The US does not adopt two simple practices that are standard in many countries: the first is to provide free tax filing software to all people and the second is that the government could calculate the first draft of your taxes for you and let you know and you sign off if you agree. Right now in the US, you have to use commercial tax preparation software that offers it free only to people who have income below a certain threshold but do not advertise that service so few take advantage of it.
According to the IRS commissioner, one of the reasons given for the focus on auditing poor people is that the EITC provision that benefits them is complicated and a lot of people get it wrong. Having the IRS adopt the above two practices would immediately eliminate that problem and free up auditors to go after the big cheaters.
Yesterday, I mailed my taxes and forms to the IRS. Yes, I still use snail mail for this purpose. I do my taxes on a spreadsheet that I created and update each year, then transfer the numbers to the fillable pdf forms that the government provides, and send it in with the supporting documentation. Why don’t I take advantage of the software that is available to file electronically? Because I object to the collusion between the government and tax preparation companies to prevent the IRS from providing those services directly to people. I refuse to use these companies’ services since I do not see why I should give my personal information to a private company, free or otherwise, and go through them to deal with the government. Furthermore, some of these ‘free’ services use the information they get from you to target you with advertising.
Meanwhile, lawmakers are seeking to go even further in the wrong direction and put into law a longstanding practice that bars the IRS from providing free online tax filing services directly to the public. The tax preparation companies have lobbied both parties heavily for this legislation and it is being sponsored by Democratic congresspeople.

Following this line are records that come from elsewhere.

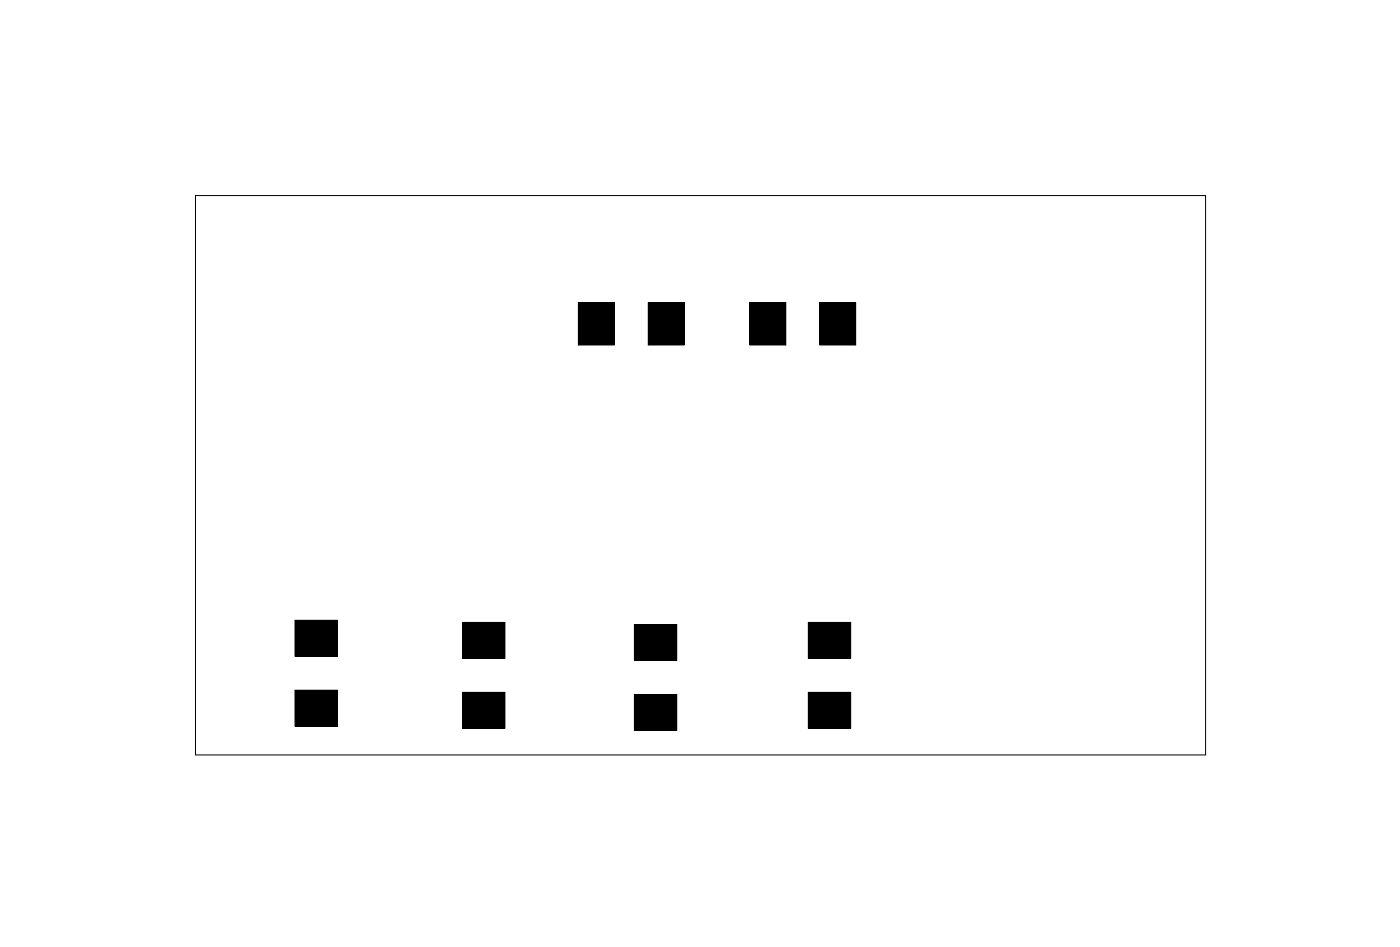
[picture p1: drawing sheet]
<svg xmlns="http://www.w3.org/2000/svg" width="62mm" height="42mm" viewBox="0 0 62 42" stroke-linecap="round" stroke-linejoin="round" font-family="sans-serif">
<path d="M8.7 8.7h44.8v24.8h-44.8z" fill="none" stroke="#000" stroke-width=".04"/>
<g fill="#000">
<path d="M25.6 13.4h1.6v1.9h-1.6zM28.7 13.4h1.6v1.9h-1.6zM33.3 13.4h1.6v1.9h-1.6zM36.4 13.4h1.6v1.9h-1.6zM13.1 30.6h1.9v1.6h-1.9zM13.1 27.5h1.9v1.6h-1.9zM20.5 30.7h1.9v1.6h-1.9zM20.5 27.6h1.9v1.6h-1.9zM28.1 30.8h1.9v1.6h-1.9zM28.1 27.7h1.9v1.6h-1.9zM35.8 30.7h1.9v1.6h-1.9zM35.8 27.6h1.9v1.6h-1.9z"/>
<path d="M25.6 13.4v1.9h1.7v-1.9zM25.6 13.4h1.6v1.9h-1.6z"/>
<path d="M28.7 13.4v1.9h1.7v-1.9zM28.7 13.4h1.6v1.9h-1.6z"/>
<path d="M33.2 13.4v1.9h1.7v-1.9zM33.3 13.4h1.6v1.9h-1.6z"/>
<path d="M36.3 13.4v1.9h1.7v-1.9zM36.4 13.4h1.6v1.9h-1.6z"/>
<path d="M13.1 30.6v1.6h1.9v-1.6zM13.1 30.6h1.9v1.6h-1.9z"/>
<path d="M13.1 27.5v1.6h1.9v-1.6zM13.1 27.5h1.9v1.6h-1.9z"/>
<path d="M20.5 30.7v1.6h1.9v-1.6zM20.5 30.7h1.9v1.6h-1.9z"/>
<path d="M20.5 27.6v1.6h1.9v-1.6zM20.5 27.6h1.9v1.6h-1.9z"/>
<path d="M28.1 30.8v1.6h1.9v-1.6zM28.1 30.8h1.9v1.6h-1.9z"/>
<path d="M28.1 27.7v1.6h1.9v-1.6zM28.1 27.7h1.9v1.6h-1.9z"/>
<path d="M35.8 30.7v1.6h1.9v-1.6zM35.8 30.7h1.9v1.6h-1.9z"/>
<path d="M35.8 27.6v1.6h1.9v-1.6zM35.8 27.6h1.9v1.6h-1.9z"/>
</g>
</svg>
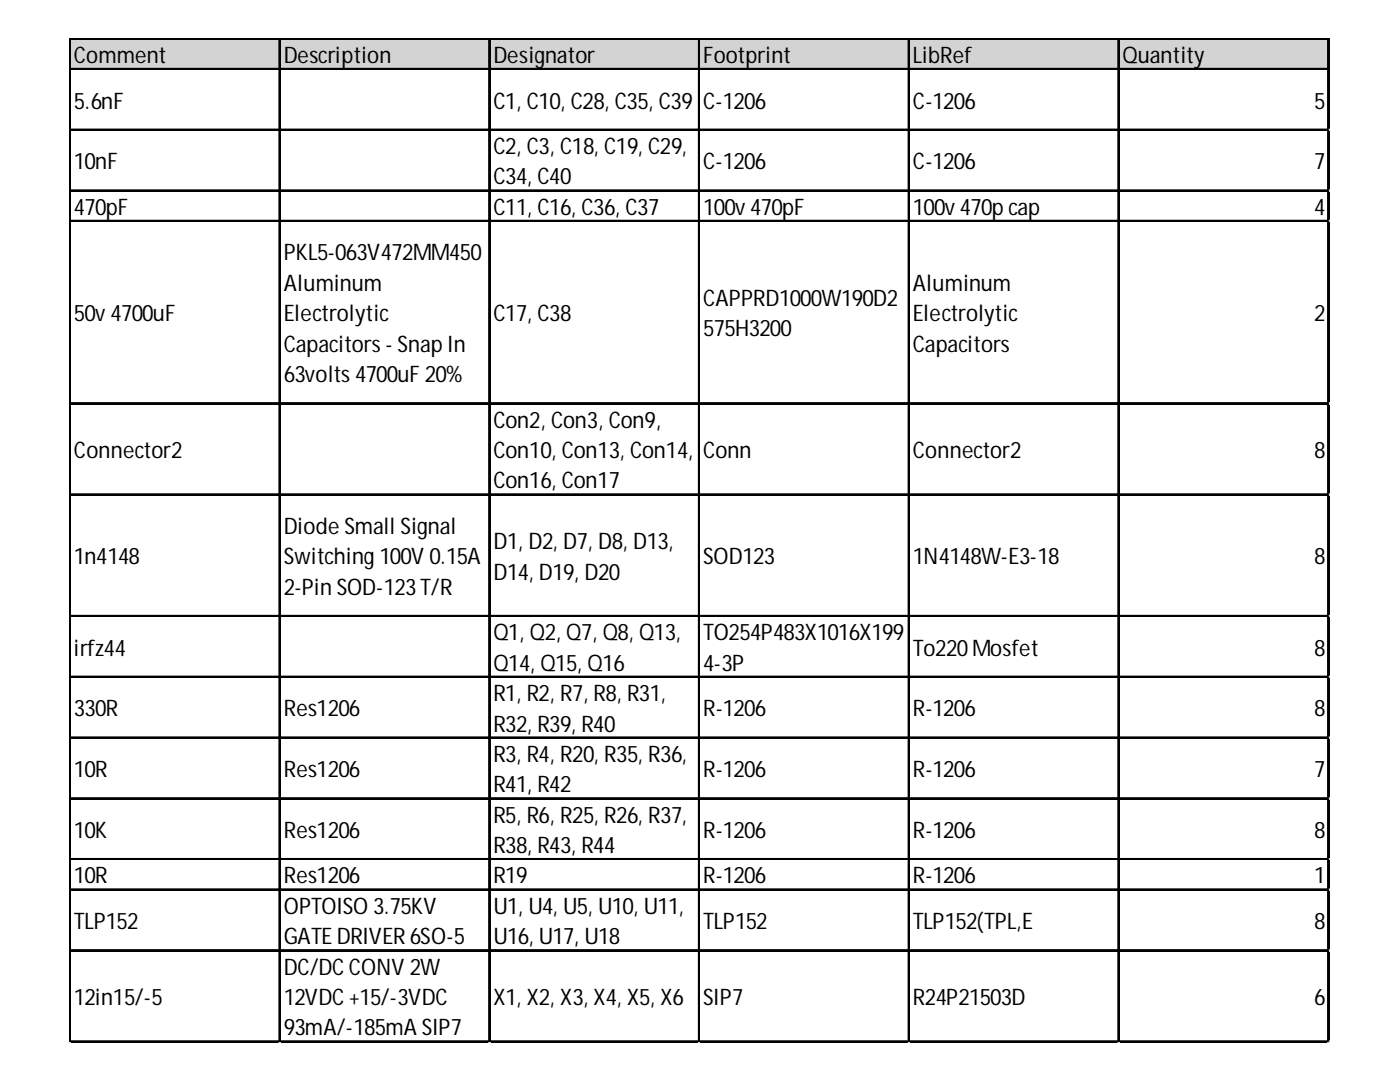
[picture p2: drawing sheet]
<svg xmlns="http://www.w3.org/2000/svg" width="279mm" height="216mm" viewBox="0 0 279 216" stroke-linecap="round" stroke-linejoin="round" font-family="sans-serif">
<defs><g id="words">
<g font-size="4.5">
<text x="14.8" y="12.6">Comment</text>
<text x="56.6" y="12.6">Description</text>
<text x="98.5" y="12.6">Designator</text>
<text x="140.3" y="12.6">Footprint</text>
<text x="182.2" y="12.6">LibRef</text>
<text x="224" y="12.6">Quantity</text>
<text x="14.8" y="21.7">5.6nF</text>
<text x="98.5" y="21.7">C1, C10, C28, C35, C39</text>
<text x="140.3" y="21.7">C-1206</text>
<text x="182.2" y="21.7">C-1206</text>
<text x="262.3" y="21.7">5</text>
<text x="14.8" y="33.8">10nF</text>
<text x="98.5" y="30.7">C2, C3, C18, C19, C29,</text>
<text x="140.3" y="33.8">C-1206</text>
<text x="182.2" y="33.8">C-1206</text>
<text x="262.3" y="33.8">7</text>
<text x="98.5" y="36.8">C34, C40</text>
<text x="14.8" y="42.9">470pF</text>
<text x="98.5" y="42.9">C11, C16, C36, C37</text>
<text x="140.3" y="42.9">100v470pF</text>
<text x="182.2" y="42.9">100v470pcap</text>
<text x="262.3" y="42.9">4</text>
<text x="56.6" y="52">PKL5-063V472MM450</text>
<text x="56.6" y="58">Aluminum</text>
<text x="182.2" y="58">Aluminum</text>
<text x="14.8" y="64.1">50v4700uF</text>
<text x="56.6" y="64.1">Electrolytic</text>
<text x="98.5" y="64.1">C17, C38</text>
<text x="140.3" y="61.1">CAPPRD1000W190D2</text>
<text x="182.2" y="64.1">Electrolytic</text>
<text x="262.3" y="64.1">2</text>
<text x="56.6" y="70.2">Capacitors-SnapIn</text>
<text x="140.3" y="67.1">575H3200</text>
<text x="182.2" y="70.2">Capacitors</text>
<text x="56.6" y="76.2">63volts4700uF20%</text>
<text x="98.5" y="85.3">Con2, Con3, Con9,</text>
<text x="14.8" y="91.4">Connector2</text>
<text x="98.5" y="91.4">Con10, Con13, Con14,</text>
<text x="140.3" y="91.4">Conn</text>
<text x="182.2" y="91.4">Connector2</text>
<text x="262.3" y="91.4">8</text>
<text x="98.5" y="97.5">Con16, Con17</text>
<text x="56.6" y="106.5">DiodeSmall Signal</text>
<text x="14.8" y="112.6">1n4148</text>
<text x="56.6" y="112.6">Sw</text>
<text x="62.1" y="112.6">itching100V0.15A</text>
<text x="98.5" y="109.6">D1, D2, D7, D8, D13,</text>
<text x="140.3" y="112.6">SOD123</text>
<text x="182.2" y="112.6">1N4148W-E3-18</text>
<text x="262.3" y="112.6">8</text>
<text x="56.6" y="118.7">2-PinSOD-123T/R</text>
<text x="98.5" y="115.6">D14, D19, D20</text>
<text x="14.8" y="130.8">irfz44</text>
<text x="98.5" y="127.8">Q1, Q2, Q7, Q8, Q13,</text>
<text x="140.3" y="127.8">TO254P483X1016X199</text>
<text x="182.2" y="130.8">To220Mosfet</text>
<text x="262.3" y="130.8">8</text>
<text x="98.5" y="133.8">Q14, Q15, Q16</text>
<text x="140.3" y="133.8">4-3P</text>
<text x="14.8" y="142.9">330R</text>
<text x="56.6" y="142.9">Res1206</text>
<text x="98.5" y="139.9">R1, R2, R7, R8, R31,</text>
<text x="140.3" y="142.9">R-1206</text>
<text x="182.2" y="142.9">R-1206</text>
<text x="262.3" y="142.9">8</text>
<text x="98.5" y="146">R32, R39, R40</text>
<text x="14.8" y="155.1">10R</text>
<text x="56.6" y="155.1">Res1206</text>
<text x="98.5" y="152">R3, R4, R20, R35, R36,</text>
<text x="140.3" y="155.1">R-1206</text>
<text x="182.2" y="155.1">R-1206</text>
<text x="262.3" y="155.1">7</text>
<text x="98.5" y="158.1">R41, R42</text>
<text x="14.8" y="167.2">10K</text>
<text x="56.6" y="167.2">Res1206</text>
<text x="98.5" y="164.2">R5, R6, R25, R26, R37,</text>
<text x="140.3" y="167.2">R-1206</text>
<text x="182.2" y="167.2">R-1206</text>
<text x="262.3" y="167.2">8</text>
<text x="98.5" y="170.2">R38, R43, R44</text>
<text x="14.8" y="176.3">10R</text>
<text x="56.6" y="176.3">Res1206</text>
<text x="98.5" y="176.3">R19</text>
<text x="140.3" y="176.3">R-1206</text>
<text x="182.2" y="176.3">R-1206</text>
<text x="262.3" y="176.3">1</text>
<text x="14.8" y="185.4">TLP152</text>
<text x="56.6" y="182.3">OPTOISO3.75KV</text>
<text x="98.5" y="182.3">U1, U4, U5, U10, U11,</text>
<text x="140.3" y="185.4">TLP152</text>
<text x="182.2" y="185.4">TLP152(TPL,E</text>
<text x="262.3" y="185.4">8</text>
<text x="56.6" y="188.4">GATEDRIVER6SO-5</text>
<text x="98.5" y="188.4">U16, U17, U18</text>
<text x="56.6" y="194.5">DC/DCCONV2W</text>
<text x="14.8" y="200.5">12in15/-5</text>
<text x="56.6" y="200.5">12VDC+15/-3VDC</text>
<text x="98.5" y="200.5">X1, X2, X3, X4, X5, X6</text>
<text x="140.3" y="200.5">SIP7</text>
<text x="182.2" y="200.5">R24P21503D</text>
<text x="262.3" y="200.5">6</text>
<text x="56.6" y="206.6">93mA/-185mASIP7</text>
</g>
</g></defs>
<path d="M14.1 7.9h251.2v6.1h-251.2z" fill="#d3d3d3"/>
<g fill="none" stroke="#000" stroke-width=".3">
<path d="M13.9 7.6v200.4M14 7.6v200.4M14.2 7.6h251.1M14.2 7.8h251.1M14.2 13.7h251.1M14.2 13.8h251.1M55.7 7.9v200.1M55.9 7.9v200.1M97.6 7.9v200.1M97.7 7.9v200.1M139.4 7.9v200.1M139.6 7.9v200.1"/>
<path d="M181.3 7.9v200.1M181.4 7.9v200.1M223.1 7.9v200.1M223.3 7.9v200.1M265 7.9v200.1M265.1 7.9v200.1M14.2 25.8h251.1M14.2 26h251.1M14.2 37.9h251.1M14.2 38.1h251.1M14.2 44h251.1M14.2 44.2h251.1"/>
<path d="M14.2 80.4h251.1M14.2 80.5h251.1M14.2 98.6h251.1M14.2 98.7h251.1M14.2 122.8h251.1M14.2 123h251.1M14.2 135h251.1M14.2 135.1h251.1M14.2 147.1h251.1M14.2 147.2h251.1M14.2 159.2h251.1M14.2 159.4h251.1"/>
<path d="M14.2 171.3h251.1M14.2 171.5h251.1M14.2 177.4h251.1M14.2 177.6h251.1M14.2 189.5h251.1M14.2 189.7h251.1M14.2 207.7h251.1M14.2 207.9h251.1"/>
</g>
<path d="M13.9 208v.1" fill="none" stroke="#d4d4d4" stroke-width=".3"/>
<path d="M13.9 208l.3 .1z" fill="#d4d4d4"/>
<path d="M55.7 208v.1" fill="none" stroke="#d4d4d4" stroke-width=".3"/>
<path d="M55.7 208l.3 .1z" fill="#d4d4d4"/>
<path d="M97.6 208v.1" fill="none" stroke="#d4d4d4" stroke-width=".3"/>
<path d="M97.6 208l.3 .1z" fill="#d4d4d4"/>
<path d="M139.4 208v.1" fill="none" stroke="#d4d4d4" stroke-width=".3"/>
<path d="M139.4 208l.3 .1z" fill="#d4d4d4"/>
<path d="M181.3 208v.1" fill="none" stroke="#d4d4d4" stroke-width=".3"/>
<path d="M181.3 208l.3 .1z" fill="#d4d4d4"/>
<path d="M223.1 208v.1" fill="none" stroke="#d4d4d4" stroke-width=".3"/>
<path d="M223.1 208l.3 .1z" fill="#d4d4d4"/>
<path d="M265 208v.1" fill="none" stroke="#d4d4d4" stroke-width=".3"/>
<path d="M265 208l.3 .1z" fill="#d4d4d4"/>
<path d="M265.3 25.8h.1" fill="none" stroke="#d4d4d4" stroke-width=".3"/>
<path d="M265.3 25.8v.3z" fill="#d4d4d4"/>
<path d="M265.3 37.9h.1" fill="none" stroke="#d4d4d4" stroke-width=".3"/>
<path d="M265.3 37.9v.3z" fill="#d4d4d4"/>
<path d="M265.3 44h.1" fill="none" stroke="#d4d4d4" stroke-width=".3"/>
<path d="M265.3 44v.3z" fill="#d4d4d4"/>
<path d="M265.3 80.4h.1" fill="none" stroke="#d4d4d4" stroke-width=".3"/>
<path d="M265.3 80.4v.3z" fill="#d4d4d4"/>
<path d="M265.3 98.6h.1" fill="none" stroke="#d4d4d4" stroke-width=".3"/>
<path d="M265.3 98.6v.3z" fill="#d4d4d4"/>
<path d="M265.3 122.8h.1" fill="none" stroke="#d4d4d4" stroke-width=".3"/>
<path d="M265.3 122.8v.3z" fill="#d4d4d4"/>
<path d="M265.3 135h.1" fill="none" stroke="#d4d4d4" stroke-width=".3"/>
<path d="M265.3 135v.3z" fill="#d4d4d4"/>
<path d="M265.3 147.1h.1" fill="none" stroke="#d4d4d4" stroke-width=".3"/>
<path d="M265.3 147.1v.3z" fill="#d4d4d4"/>
<path d="M265.3 159.2h.1" fill="none" stroke="#d4d4d4" stroke-width=".3"/>
<path d="M265.3 159.2v.3z" fill="#d4d4d4"/>
<path d="M265.3 171.3h.1" fill="none" stroke="#d4d4d4" stroke-width=".3"/>
<path d="M265.3 171.3v.4z" fill="#d4d4d4"/>
<path d="M265.3 177.4h.1" fill="none" stroke="#d4d4d4" stroke-width=".3"/>
<path d="M265.3 177.4v.3z" fill="#d4d4d4"/>
<path d="M265.3 189.5h.1" fill="none" stroke="#d4d4d4" stroke-width=".3"/>
<path d="M265.3 189.5v.3z" fill="#d4d4d4"/>
<path d="M265.3 207.7h.1" fill="none" stroke="#d4d4d4" stroke-width=".3"/>
<path d="M265.3 207.7v.3z" fill="#d4d4d4"/>
<use href="#words"/>
</svg>

Last week, the House Ways and Means Committee, led by Rep. Richard Neal, D-Mass., passed the Taxpayer First Act, a wide-ranging bill making several administrative changes to the IRS that is sponsored by Reps. John Lewis, D-Ga., and Mike Kelly, R-Pa.
In one of its provisions, the bill makes it illegal for the IRS to create its own online system of tax filing. Companies like Intuit, the maker of TurboTax, and H&R Block have lobbied for years to block the IRS from creating such a system. If the tax agency created its own program, which would be similar to programs other developed countries have, it would threaten the industry’s profits.
“This could be a disaster. It could be the final nail in the coffin of the idea of the IRS ever being able to create its own program,” said Mandi Matlock, a tax attorney who does work for the National Consumer Law Center.
Experts have long argued that the IRS has failed to make filing taxes as easy and cheap as it could be. In addition to a free system of online tax preparation and filing, the agency could provide people with pre-filled tax forms containing the salary data the agency already has, as ProPublica first reported on in 2013.
As a result of ProPublica drawing attention to this provision that had been tucked into a bill, this bill is drawing greater scrutiny from progressive Democrats but the Democratic-controlled House of Representatives passed it anyway. It now goes to the senate where it will likely pass.
This time of year is also when the right wing will selectively use statistics to argue that the rich are taxed far too much, by looking at only federal taxes and ignoring all the other taxes that people pay.